# Work required:
All records below are to be repeated exactly, with the pictures left out.
(Beginning of Dataset records)
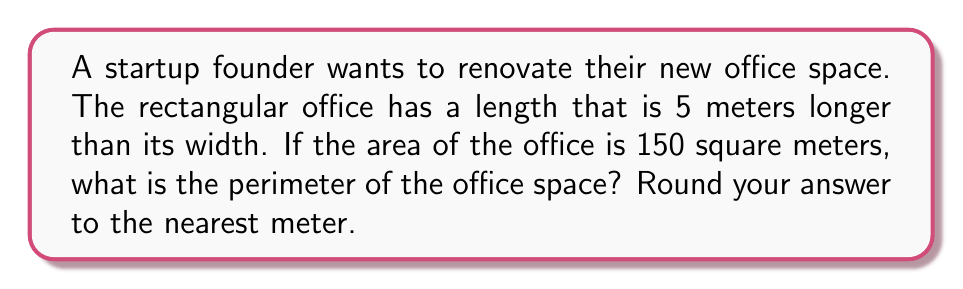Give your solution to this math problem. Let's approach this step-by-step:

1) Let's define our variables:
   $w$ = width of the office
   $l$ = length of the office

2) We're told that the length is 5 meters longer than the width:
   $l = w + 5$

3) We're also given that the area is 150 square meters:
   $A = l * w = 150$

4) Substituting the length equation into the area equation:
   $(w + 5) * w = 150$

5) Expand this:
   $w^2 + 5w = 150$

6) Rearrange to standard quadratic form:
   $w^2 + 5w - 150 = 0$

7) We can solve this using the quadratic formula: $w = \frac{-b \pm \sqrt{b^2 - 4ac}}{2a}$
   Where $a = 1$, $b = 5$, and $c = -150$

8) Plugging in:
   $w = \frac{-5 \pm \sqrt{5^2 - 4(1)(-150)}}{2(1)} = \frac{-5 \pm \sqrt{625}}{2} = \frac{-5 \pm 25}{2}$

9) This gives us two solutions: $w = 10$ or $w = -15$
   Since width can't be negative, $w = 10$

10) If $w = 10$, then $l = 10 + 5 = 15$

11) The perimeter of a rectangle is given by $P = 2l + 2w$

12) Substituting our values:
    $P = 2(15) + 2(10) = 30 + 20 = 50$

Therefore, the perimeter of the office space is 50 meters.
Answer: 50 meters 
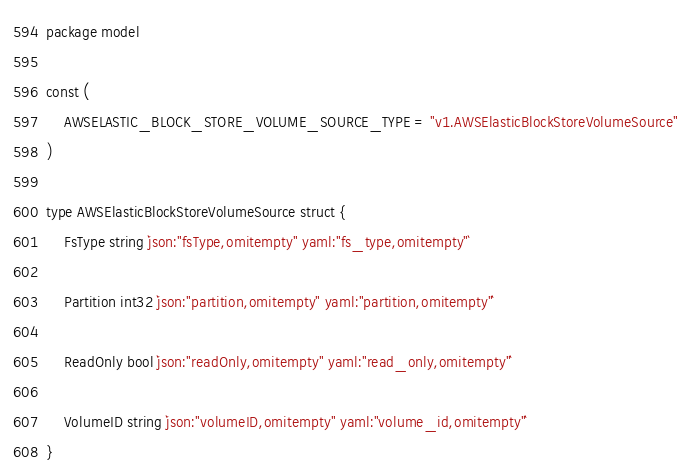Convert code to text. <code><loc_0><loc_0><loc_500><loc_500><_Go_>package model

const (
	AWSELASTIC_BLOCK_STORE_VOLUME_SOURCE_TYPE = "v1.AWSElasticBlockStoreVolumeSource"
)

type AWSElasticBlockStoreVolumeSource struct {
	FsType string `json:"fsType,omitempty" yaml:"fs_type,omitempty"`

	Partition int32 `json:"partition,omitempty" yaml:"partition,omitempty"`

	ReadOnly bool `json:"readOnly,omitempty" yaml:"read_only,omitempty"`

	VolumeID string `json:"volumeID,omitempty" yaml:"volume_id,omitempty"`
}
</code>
(End of Dataset records)
# Output for this task:
Give your solution to this math problem. Let's approach this step-by-step:

1) Let's define our variables:
   $w$ = width of the office
   $l$ = length of the office

2) We're told that the length is 5 meters longer than the width:
   $l = w + 5$

3) We're also given that the area is 150 square meters:
   $A = l * w = 150$

4) Substituting the length equation into the area equation:
   $(w + 5) * w = 150$

5) Expand this:
   $w^2 + 5w = 150$

6) Rearrange to standard quadratic form:
   $w^2 + 5w - 150 = 0$

7) We can solve this using the quadratic formula: $w = \frac{-b \pm \sqrt{b^2 - 4ac}}{2a}$
   Where $a = 1$, $b = 5$, and $c = -150$

8) Plugging in:
   $w = \frac{-5 \pm \sqrt{5^2 - 4(1)(-150)}}{2(1)} = \frac{-5 \pm \sqrt{625}}{2} = \frac{-5 \pm 25}{2}$

9) This gives us two solutions: $w = 10$ or $w = -15$
   Since width can't be negative, $w = 10$

10) If $w = 10$, then $l = 10 + 5 = 15$

11) The perimeter of a rectangle is given by $P = 2l + 2w$

12) Substituting our values:
    $P = 2(15) + 2(10) = 30 + 20 = 50$

Therefore, the perimeter of the office space is 50 meters.
Answer: 50 meters 
Convert code to text. <code><loc_0><loc_0><loc_500><loc_500><_Go_>package model

const (
	AWSELASTIC_BLOCK_STORE_VOLUME_SOURCE_TYPE = "v1.AWSElasticBlockStoreVolumeSource"
)

type AWSElasticBlockStoreVolumeSource struct {
	FsType string `json:"fsType,omitempty" yaml:"fs_type,omitempty"`

	Partition int32 `json:"partition,omitempty" yaml:"partition,omitempty"`

	ReadOnly bool `json:"readOnly,omitempty" yaml:"read_only,omitempty"`

	VolumeID string `json:"volumeID,omitempty" yaml:"volume_id,omitempty"`
}
</code>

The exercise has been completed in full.